:: MATERIAL PROVIDED
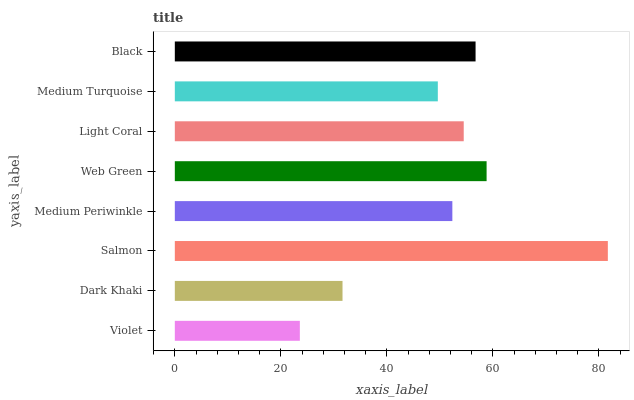Is Violet the minimum?
Answer yes or no. Yes. Is Salmon the maximum?
Answer yes or no. Yes. Is Dark Khaki the minimum?
Answer yes or no. No. Is Dark Khaki the maximum?
Answer yes or no. No. Is Dark Khaki greater than Violet?
Answer yes or no. Yes. Is Violet less than Dark Khaki?
Answer yes or no. Yes. Is Violet greater than Dark Khaki?
Answer yes or no. No. Is Dark Khaki less than Violet?
Answer yes or no. No. Is Light Coral the high median?
Answer yes or no. Yes. Is Medium Periwinkle the low median?
Answer yes or no. Yes. Is Web Green the high median?
Answer yes or no. No. Is Violet the low median?
Answer yes or no. No. 
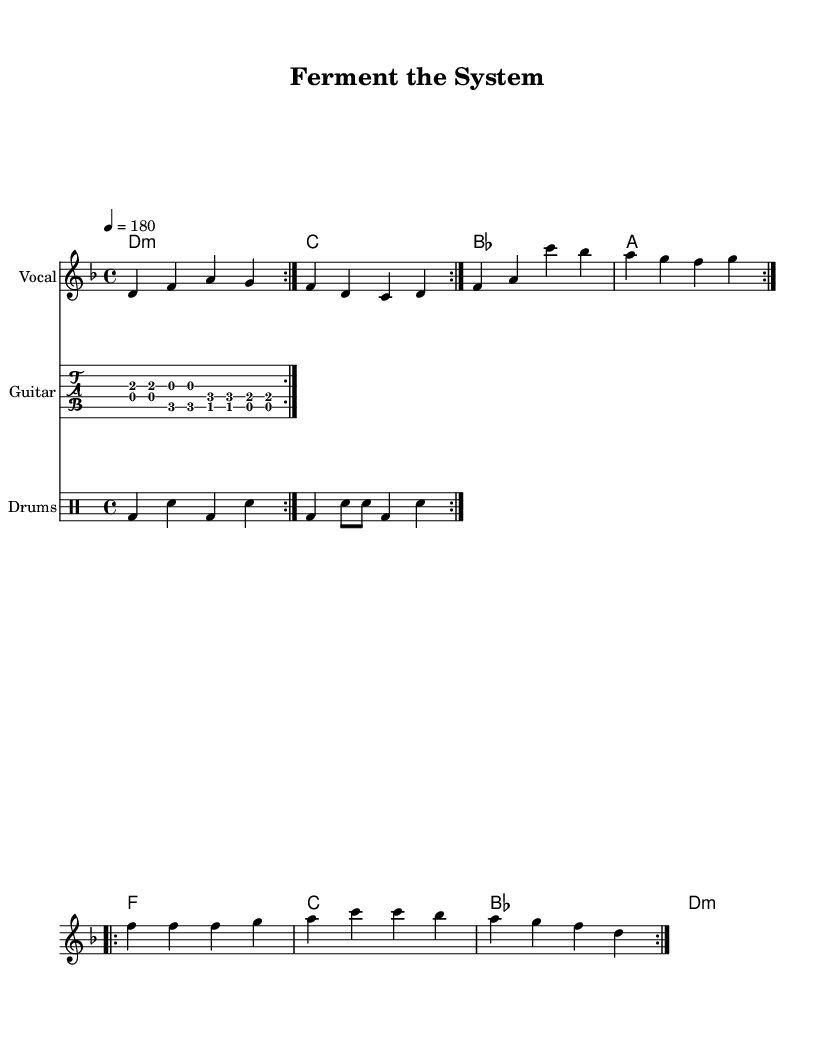What is the key signature of this music? The key signature is D minor, which has one flat (B flat).
Answer: D minor What is the time signature of this music? The time signature is 4/4, which indicates four beats per measure.
Answer: 4/4 What is the tempo marking for this piece? The tempo marking is 180 beats per minute, which sets the pace for the song.
Answer: 180 How many verses are there in the song? There are two repeated verses in the song as indicated by the repeated section in the lyrics.
Answer: Two What type of song structure is used in this piece? The structure follows a verse and chorus format, typical in punk music.
Answer: Verse and chorus How many bars are in the melody section that repeats? The melody section repeats for four bars per cycle indicated by the repeat volta markings.
Answer: Four What is the main theme of the lyrics in the song? The lyrics celebrate unconventional cooking techniques and experimental gastronomy.
Answer: Experimental gastronomy 
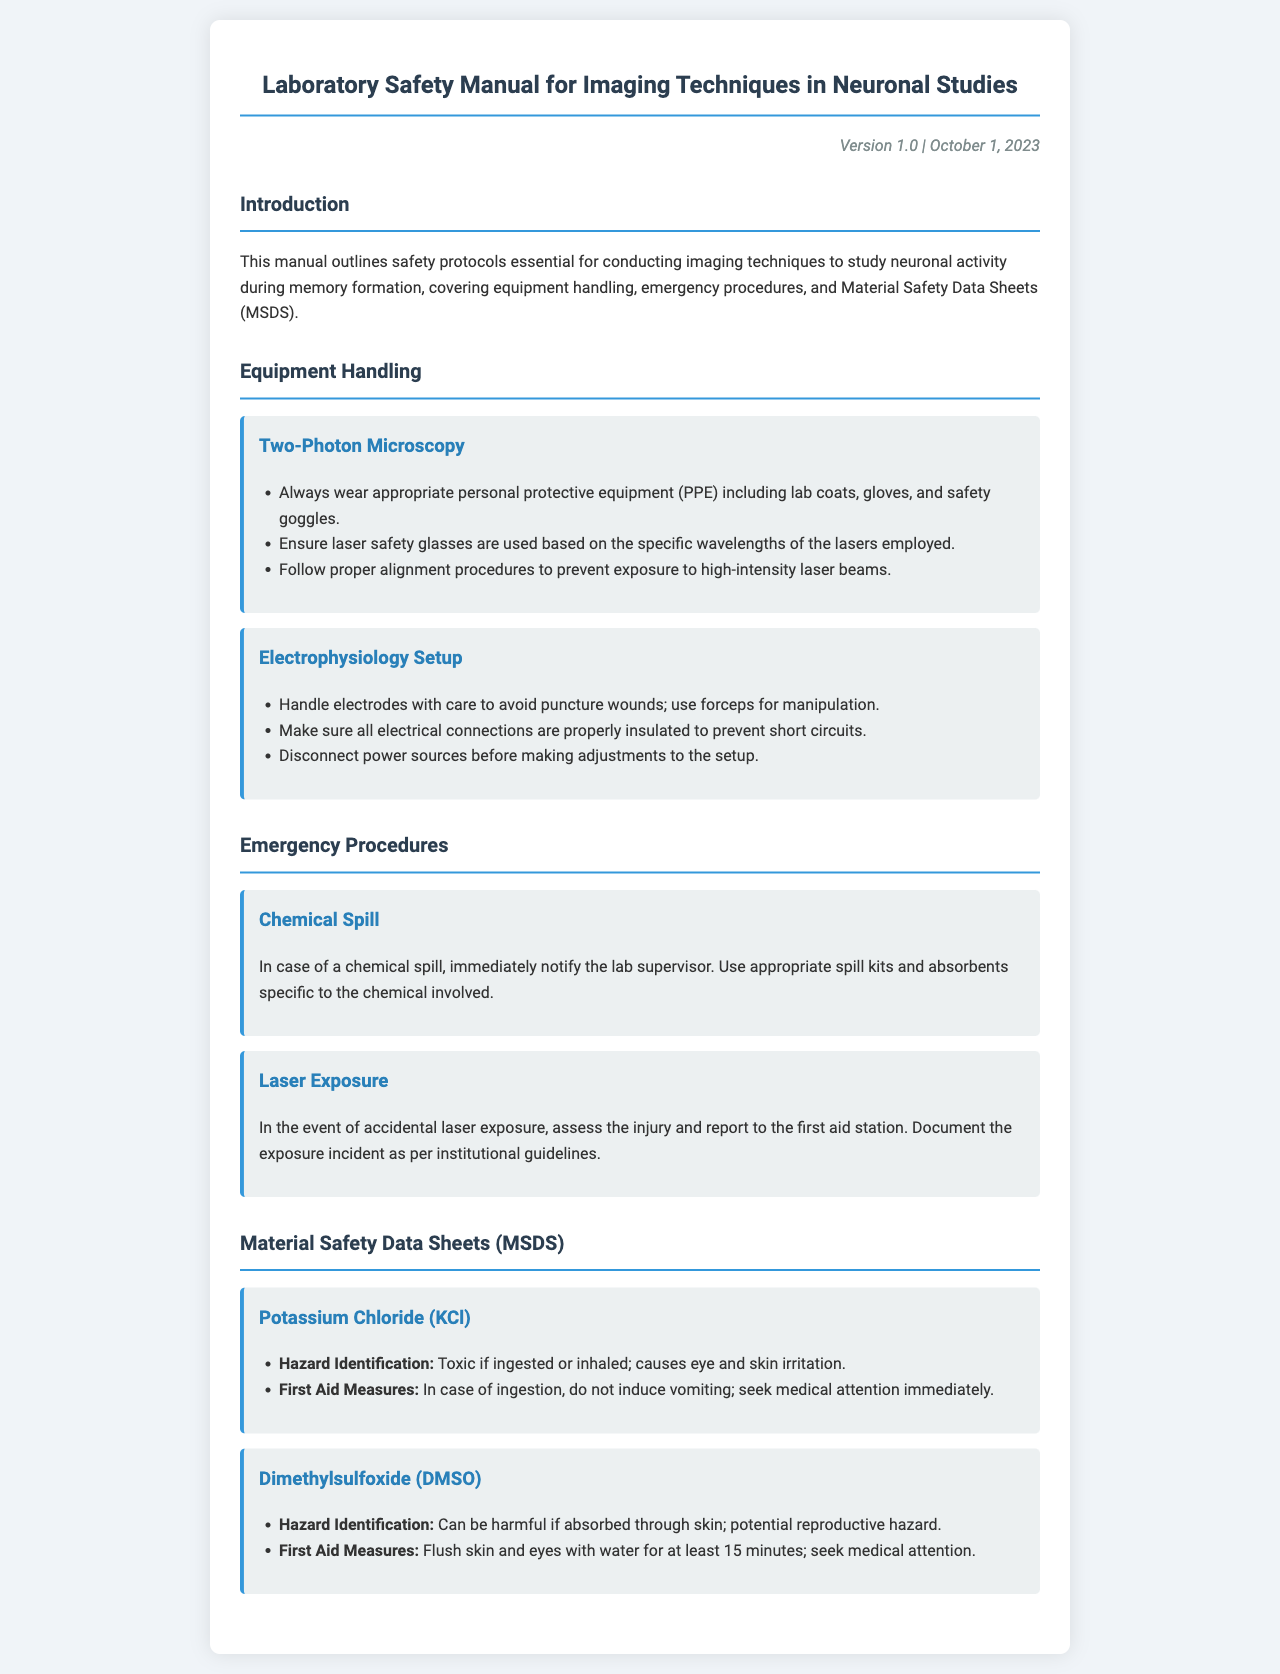What is the version date of the manual? The version date is indicated near the title of the manual as the date of the latest update.
Answer: October 1, 2023 What personal protective equipment is required for Two-Photon Microscopy? The document specifies that personal protective equipment (PPE) must include lab coats, gloves, and safety goggles.
Answer: Lab coats, gloves, and safety goggles What should you do in case of a chemical spill? The procedure for a chemical spill includes notifying the lab supervisor and using appropriate spill kits and absorbents.
Answer: Notify the lab supervisor and use spill kits What type of hazard is associated with Dimethylsulfoxide? The document mentions that Dimethylsulfoxide can be harmful if absorbed through skin and is a potential reproductive hazard.
Answer: Harmful if absorbed through skin; reproductive hazard What is the first aid measure for potassium chloride ingestion? The manual states that the first aid measure is to not induce vomiting and seek medical attention immediately.
Answer: Do not induce vomiting; seek medical attention What are the proper alignment procedures aimed to prevent in Two-Photon Microscopy? Proper alignment procedures are aimed to prevent exposure to high-intensity laser beams.
Answer: Exposure to high-intensity laser beams What should be done before adjusting the electrophysiology setup? It is important to disconnect power sources before making any adjustments to ensure safety.
Answer: Disconnect power sources What should be done in case of accidental laser exposure? The response in case of accidental laser exposure includes assessing the injury, reporting to the first aid station, and documenting the incident.
Answer: Assess injury, report to first aid, document incident
::::
» ACTIVITY
Now write out the data word for word, skipping every picture in it.

» RESPONSE TO THIS TASK
Is Violet the minimum?
Answer yes or no. Yes. Is Salmon the maximum?
Answer yes or no. Yes. Is Dark Khaki the minimum?
Answer yes or no. No. Is Dark Khaki the maximum?
Answer yes or no. No. Is Dark Khaki greater than Violet?
Answer yes or no. Yes. Is Violet less than Dark Khaki?
Answer yes or no. Yes. Is Violet greater than Dark Khaki?
Answer yes or no. No. Is Dark Khaki less than Violet?
Answer yes or no. No. Is Light Coral the high median?
Answer yes or no. Yes. Is Medium Periwinkle the low median?
Answer yes or no. Yes. Is Web Green the high median?
Answer yes or no. No. Is Violet the low median?
Answer yes or no. No. 
What is the key signature of this music? The key signature is D minor, which has one flat (B flat).
Answer: D minor What is the time signature of this music? The time signature is 4/4, which indicates four beats per measure.
Answer: 4/4 What is the tempo marking for this piece? The tempo marking is 180 beats per minute, which sets the pace for the song.
Answer: 180 How many verses are there in the song? There are two repeated verses in the song as indicated by the repeated section in the lyrics.
Answer: Two What type of song structure is used in this piece? The structure follows a verse and chorus format, typical in punk music.
Answer: Verse and chorus How many bars are in the melody section that repeats? The melody section repeats for four bars per cycle indicated by the repeat volta markings.
Answer: Four What is the main theme of the lyrics in the song? The lyrics celebrate unconventional cooking techniques and experimental gastronomy.
Answer: Experimental gastronomy 
What is the version date of the manual? The version date is indicated near the title of the manual as the date of the latest update.
Answer: October 1, 2023 What personal protective equipment is required for Two-Photon Microscopy? The document specifies that personal protective equipment (PPE) must include lab coats, gloves, and safety goggles.
Answer: Lab coats, gloves, and safety goggles What should you do in case of a chemical spill? The procedure for a chemical spill includes notifying the lab supervisor and using appropriate spill kits and absorbents.
Answer: Notify the lab supervisor and use spill kits What type of hazard is associated with Dimethylsulfoxide? The document mentions that Dimethylsulfoxide can be harmful if absorbed through skin and is a potential reproductive hazard.
Answer: Harmful if absorbed through skin; reproductive hazard What is the first aid measure for potassium chloride ingestion? The manual states that the first aid measure is to not induce vomiting and seek medical attention immediately.
Answer: Do not induce vomiting; seek medical attention What are the proper alignment procedures aimed to prevent in Two-Photon Microscopy? Proper alignment procedures are aimed to prevent exposure to high-intensity laser beams.
Answer: Exposure to high-intensity laser beams What should be done before adjusting the electrophysiology setup? It is important to disconnect power sources before making any adjustments to ensure safety.
Answer: Disconnect power sources What should be done in case of accidental laser exposure? The response in case of accidental laser exposure includes assessing the injury, reporting to the first aid station, and documenting the incident.
Answer: Assess injury, report to first aid, document incident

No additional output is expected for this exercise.